Search code examples
azure-data-factoryazure-cosmosdb-sqlapiazure-data-lake-gen2

stuck with basics of ADF pipeline


I have just started with ADF development, and I am stuck with the following requirement.

  • source - cosmos db collection
  • target - azure data lake gen2 storage
  • requirement - 1. read a cosmos collection 2. FOR EACH RECORD in the query output, create separate output files in data lake gen 2 storage 3. from same query output, create ANOTHER SINGLE FILE with fields separated by pipe character(here I need to transform the JSON query output to a tabular pipe delimited data structure)
  • the place where I am stuck - to read from cosmos collection, I have used a copy data activity, however I do not understand what to put in the sink of this activity in order to pass the query output to the next activity(for-each or another copy activity)

Solution

  • You can use the combination of Lookup activity to get the collection, CopyActivity to write files to ADLS.

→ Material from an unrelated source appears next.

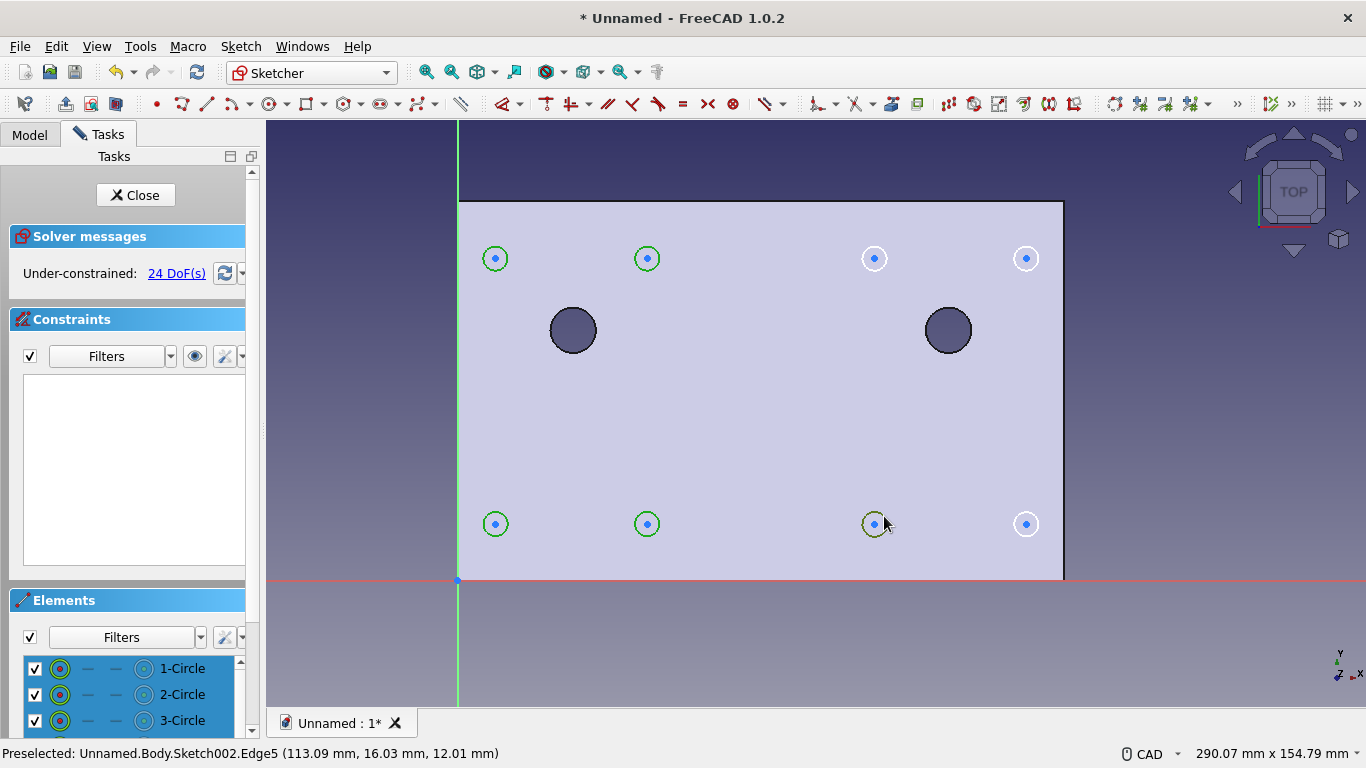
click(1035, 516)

    In the below example, I have used a field in the record a parameter to iterate over each record i.e @string(item().CustomerID), but you can use as per your collection. And modify the query as per your need.

    (requirement no. 1)

    CosmosDB source query:

    @concat('select * from c where c.CustomerID = ',variables('ids'))
    

    Then make sure you have the right files extension mentioned in the sink properties and corresponding dataset properties as well. I have used .tsv with pipe(|) delimited and another is a .csv file. (as per your requirement no. 2 & 3)

    enter image description here